What the exercise asks: Output all entries precisely.

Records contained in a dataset
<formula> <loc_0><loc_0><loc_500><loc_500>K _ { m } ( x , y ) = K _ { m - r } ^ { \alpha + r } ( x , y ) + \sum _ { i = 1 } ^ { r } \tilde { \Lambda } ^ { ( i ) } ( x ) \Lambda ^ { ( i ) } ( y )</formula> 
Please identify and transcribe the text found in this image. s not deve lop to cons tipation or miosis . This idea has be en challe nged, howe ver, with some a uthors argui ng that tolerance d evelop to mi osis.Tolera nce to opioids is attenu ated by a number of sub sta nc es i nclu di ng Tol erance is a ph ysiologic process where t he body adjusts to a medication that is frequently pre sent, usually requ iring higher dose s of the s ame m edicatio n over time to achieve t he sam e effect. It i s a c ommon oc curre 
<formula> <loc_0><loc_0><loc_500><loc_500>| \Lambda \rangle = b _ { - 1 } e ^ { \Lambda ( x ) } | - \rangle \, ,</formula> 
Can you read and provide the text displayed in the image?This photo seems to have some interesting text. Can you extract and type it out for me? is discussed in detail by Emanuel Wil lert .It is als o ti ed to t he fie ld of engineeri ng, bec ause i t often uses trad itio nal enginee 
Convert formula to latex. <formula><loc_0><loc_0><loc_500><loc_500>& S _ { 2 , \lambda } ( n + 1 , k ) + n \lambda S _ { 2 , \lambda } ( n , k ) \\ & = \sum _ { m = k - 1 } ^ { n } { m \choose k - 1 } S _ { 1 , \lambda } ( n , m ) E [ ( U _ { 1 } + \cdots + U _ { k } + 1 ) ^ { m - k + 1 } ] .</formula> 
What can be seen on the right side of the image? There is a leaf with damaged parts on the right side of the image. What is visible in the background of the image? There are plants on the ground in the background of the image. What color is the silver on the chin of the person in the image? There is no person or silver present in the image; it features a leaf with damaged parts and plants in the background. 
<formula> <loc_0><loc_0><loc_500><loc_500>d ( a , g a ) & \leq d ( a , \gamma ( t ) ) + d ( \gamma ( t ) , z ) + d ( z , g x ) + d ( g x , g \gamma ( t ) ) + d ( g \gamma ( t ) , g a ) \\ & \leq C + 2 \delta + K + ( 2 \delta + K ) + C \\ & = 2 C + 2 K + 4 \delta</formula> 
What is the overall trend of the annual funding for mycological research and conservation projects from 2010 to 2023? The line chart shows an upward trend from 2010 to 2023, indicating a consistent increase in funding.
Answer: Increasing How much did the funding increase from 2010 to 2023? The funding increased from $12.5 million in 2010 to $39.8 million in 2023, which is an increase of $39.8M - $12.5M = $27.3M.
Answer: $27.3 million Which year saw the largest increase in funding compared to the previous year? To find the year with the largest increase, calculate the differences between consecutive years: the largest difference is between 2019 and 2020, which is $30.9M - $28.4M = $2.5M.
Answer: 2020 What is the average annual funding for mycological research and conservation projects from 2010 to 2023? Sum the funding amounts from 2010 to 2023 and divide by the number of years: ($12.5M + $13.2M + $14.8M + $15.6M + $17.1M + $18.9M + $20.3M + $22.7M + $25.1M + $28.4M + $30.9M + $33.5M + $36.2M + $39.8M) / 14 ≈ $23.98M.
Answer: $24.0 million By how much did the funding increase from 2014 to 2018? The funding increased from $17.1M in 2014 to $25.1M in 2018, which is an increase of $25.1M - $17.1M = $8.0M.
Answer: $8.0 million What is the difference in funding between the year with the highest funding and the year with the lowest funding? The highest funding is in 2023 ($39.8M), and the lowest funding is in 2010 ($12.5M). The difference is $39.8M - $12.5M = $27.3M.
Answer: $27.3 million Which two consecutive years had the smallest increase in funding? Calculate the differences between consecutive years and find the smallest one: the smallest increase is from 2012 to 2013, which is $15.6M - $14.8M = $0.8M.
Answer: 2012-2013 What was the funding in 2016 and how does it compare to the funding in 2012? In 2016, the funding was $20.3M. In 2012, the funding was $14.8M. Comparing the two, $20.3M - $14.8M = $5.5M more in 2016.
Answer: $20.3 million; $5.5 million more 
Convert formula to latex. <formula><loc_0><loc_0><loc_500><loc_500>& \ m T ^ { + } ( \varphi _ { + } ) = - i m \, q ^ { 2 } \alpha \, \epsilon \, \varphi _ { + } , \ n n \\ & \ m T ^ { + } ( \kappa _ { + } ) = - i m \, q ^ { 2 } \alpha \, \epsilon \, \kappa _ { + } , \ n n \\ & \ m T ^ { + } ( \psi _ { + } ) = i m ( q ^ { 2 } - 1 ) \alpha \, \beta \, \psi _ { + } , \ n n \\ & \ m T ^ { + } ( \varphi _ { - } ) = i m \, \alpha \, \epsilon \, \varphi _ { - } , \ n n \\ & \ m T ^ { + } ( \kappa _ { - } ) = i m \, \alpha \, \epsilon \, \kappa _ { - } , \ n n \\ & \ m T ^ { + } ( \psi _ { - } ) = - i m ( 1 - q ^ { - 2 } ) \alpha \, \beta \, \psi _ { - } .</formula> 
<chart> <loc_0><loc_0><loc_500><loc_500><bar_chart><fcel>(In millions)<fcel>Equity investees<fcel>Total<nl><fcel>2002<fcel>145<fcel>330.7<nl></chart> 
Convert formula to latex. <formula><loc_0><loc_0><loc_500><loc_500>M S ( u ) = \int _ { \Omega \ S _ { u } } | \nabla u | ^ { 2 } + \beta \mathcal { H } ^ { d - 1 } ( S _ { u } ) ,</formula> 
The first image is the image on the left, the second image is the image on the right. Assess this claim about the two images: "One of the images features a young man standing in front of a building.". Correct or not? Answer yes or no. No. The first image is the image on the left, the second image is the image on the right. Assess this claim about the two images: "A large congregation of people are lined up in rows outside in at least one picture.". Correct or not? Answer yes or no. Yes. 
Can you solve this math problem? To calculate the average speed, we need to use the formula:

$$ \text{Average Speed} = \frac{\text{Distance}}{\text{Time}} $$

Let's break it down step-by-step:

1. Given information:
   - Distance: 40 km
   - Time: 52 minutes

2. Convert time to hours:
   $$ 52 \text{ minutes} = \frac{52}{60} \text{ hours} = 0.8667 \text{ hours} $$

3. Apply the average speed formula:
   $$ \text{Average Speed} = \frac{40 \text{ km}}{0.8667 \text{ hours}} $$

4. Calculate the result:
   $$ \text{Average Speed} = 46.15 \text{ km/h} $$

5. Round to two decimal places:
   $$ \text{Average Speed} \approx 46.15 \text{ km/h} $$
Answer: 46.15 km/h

Response below:
<formula> <loc_0><loc_0><loc_500><loc_500>K _ { m } ( x , y ) = K _ { m - r } ^ { \alpha + r } ( x , y ) + \sum _ { i = 1 } ^ { r } \tilde { \Lambda } ^ { ( i ) } ( x ) \Lambda ^ { ( i ) } ( y )</formula> 
Please identify and transcribe the text found in this image. s not deve lop to cons tipation or miosis . This idea has be en challe nged, howe ver, with some a uthors argui ng that tolerance d evelop to mi osis.Tolera nce to opioids is attenu ated by a number of sub sta nc es i nclu di ng Tol erance is a ph ysiologic process where t he body adjusts to a medication that is frequently pre sent, usually requ iring higher dose s of the s ame m edicatio n over time to achieve t he sam e effect. It i s a c ommon oc curre 
<formula> <loc_0><loc_0><loc_500><loc_500>| \Lambda \rangle = b _ { - 1 } e ^ { \Lambda ( x ) } | - \rangle \, ,</formula> 
Can you read and provide the text displayed in the image?This photo seems to have some interesting text. Can you extract and type it out for me? is discussed in detail by Emanuel Wil lert .It is als o ti ed to t he fie ld of engineeri ng, bec ause i t often uses trad itio nal enginee 
Convert formula to latex. <formula><loc_0><loc_0><loc_500><loc_500>& S _ { 2 , \lambda } ( n + 1 , k ) + n \lambda S _ { 2 , \lambda } ( n , k ) \\ & = \sum _ { m = k - 1 } ^ { n } { m \choose k - 1 } S _ { 1 , \lambda } ( n , m ) E [ ( U _ { 1 } + \cdots + U _ { k } + 1 ) ^ { m - k + 1 } ] .</formula> 
What can be seen on the right side of the image? There is a leaf with damaged parts on the right side of the image. What is visible in the background of the image? There are plants on the ground in the background of the image. What color is the silver on the chin of the person in the image? There is no person or silver present in the image; it features a leaf with damaged parts and plants in the background. 
<formula> <loc_0><loc_0><loc_500><loc_500>d ( a , g a ) & \leq d ( a , \gamma ( t ) ) + d ( \gamma ( t ) , z ) + d ( z , g x ) + d ( g x , g \gamma ( t ) ) + d ( g \gamma ( t ) , g a ) \\ & \leq C + 2 \delta + K + ( 2 \delta + K ) + C \\ & = 2 C + 2 K + 4 \delta</formula> 
What is the overall trend of the annual funding for mycological research and conservation projects from 2010 to 2023? The line chart shows an upward trend from 2010 to 2023, indicating a consistent increase in funding.
Answer: Increasing How much did the funding increase from 2010 to 2023? The funding increased from $12.5 million in 2010 to $39.8 million in 2023, which is an increase of $39.8M - $12.5M = $27.3M.
Answer: $27.3 million Which year saw the largest increase in funding compared to the previous year? To find the year with the largest increase, calculate the differences between consecutive years: the largest difference is between 2019 and 2020, which is $30.9M - $28.4M = $2.5M.
Answer: 2020 What is the average annual funding for mycological research and conservation projects from 2010 to 2023? Sum the funding amounts from 2010 to 2023 and divide by the number of years: ($12.5M + $13.2M + $14.8M + $15.6M + $17.1M + $18.9M + $20.3M + $22.7M + $25.1M + $28.4M + $30.9M + $33.5M + $36.2M + $39.8M) / 14 ≈ $23.98M.
Answer: $24.0 million By how much did the funding increase from 2014 to 2018? The funding increased from $17.1M in 2014 to $25.1M in 2018, which is an increase of $25.1M - $17.1M = $8.0M.
Answer: $8.0 million What is the difference in funding between the year with the highest funding and the year with the lowest funding? The highest funding is in 2023 ($39.8M), and the lowest funding is in 2010 ($12.5M). The difference is $39.8M - $12.5M = $27.3M.
Answer: $27.3 million Which two consecutive years had the smallest increase in funding? Calculate the differences between consecutive years and find the smallest one: the smallest increase is from 2012 to 2013, which is $15.6M - $14.8M = $0.8M.
Answer: 2012-2013 What was the funding in 2016 and how does it compare to the funding in 2012? In 2016, the funding was $20.3M. In 2012, the funding was $14.8M. Comparing the two, $20.3M - $14.8M = $5.5M more in 2016.
Answer: $20.3 million; $5.5 million more 
Convert formula to latex. <formula><loc_0><loc_0><loc_500><loc_500>& \ m T ^ { + } ( \varphi _ { + } ) = - i m \, q ^ { 2 } \alpha \, \epsilon \, \varphi _ { + } , \ n n \\ & \ m T ^ { + } ( \kappa _ { + } ) = - i m \, q ^ { 2 } \alpha \, \epsilon \, \kappa _ { + } , \ n n \\ & \ m T ^ { + } ( \psi _ { + } ) = i m ( q ^ { 2 } - 1 ) \alpha \, \beta \, \psi _ { + } , \ n n \\ & \ m T ^ { + } ( \varphi _ { - } ) = i m \, \alpha \, \epsilon \, \varphi _ { - } , \ n n \\ & \ m T ^ { + } ( \kappa _ { - } ) = i m \, \alpha \, \epsilon \, \kappa _ { - } , \ n n \\ & \ m T ^ { + } ( \psi _ { - } ) = - i m ( 1 - q ^ { - 2 } ) \alpha \, \beta \, \psi _ { - } .</formula> 
<chart> <loc_0><loc_0><loc_500><loc_500><bar_chart><fcel>(In millions)<fcel>Equity investees<fcel>Total<nl><fcel>2002<fcel>145<fcel>330.7<nl></chart> 
Convert formula to latex. <formula><loc_0><loc_0><loc_500><loc_500>M S ( u ) = \int _ { \Omega \ S _ { u } } | \nabla u | ^ { 2 } + \beta \mathcal { H } ^ { d - 1 } ( S _ { u } ) ,</formula> 
The first image is the image on the left, the second image is the image on the right. Assess this claim about the two images: "One of the images features a young man standing in front of a building.". Correct or not? Answer yes or no. No. The first image is the image on the left, the second image is the image on the right. Assess this claim about the two images: "A large congregation of people are lined up in rows outside in at least one picture.". Correct or not? Answer yes or no. Yes. 
Can you solve this math problem? To calculate the average speed, we need to use the formula:

$$ \text{Average Speed} = \frac{\text{Distance}}{\text{Time}} $$

Let's break it down step-by-step:

1. Given information:
   - Distance: 40 km
   - Time: 52 minutes

2. Convert time to hours:
   $$ 52 \text{ minutes} = \frac{52}{60} \text{ hours} = 0.8667 \text{ hours} $$

3. Apply the average speed formula:
   $$ \text{Average Speed} = \frac{40 \text{ km}}{0.8667 \text{ hours}} $$

4. Calculate the result:
   $$ \text{Average Speed} = 46.15 \text{ km/h} $$

5. Round to two decimal places:
   $$ \text{Average Speed} \approx 46.15 \text{ km/h} $$
Answer: 46.15 km/h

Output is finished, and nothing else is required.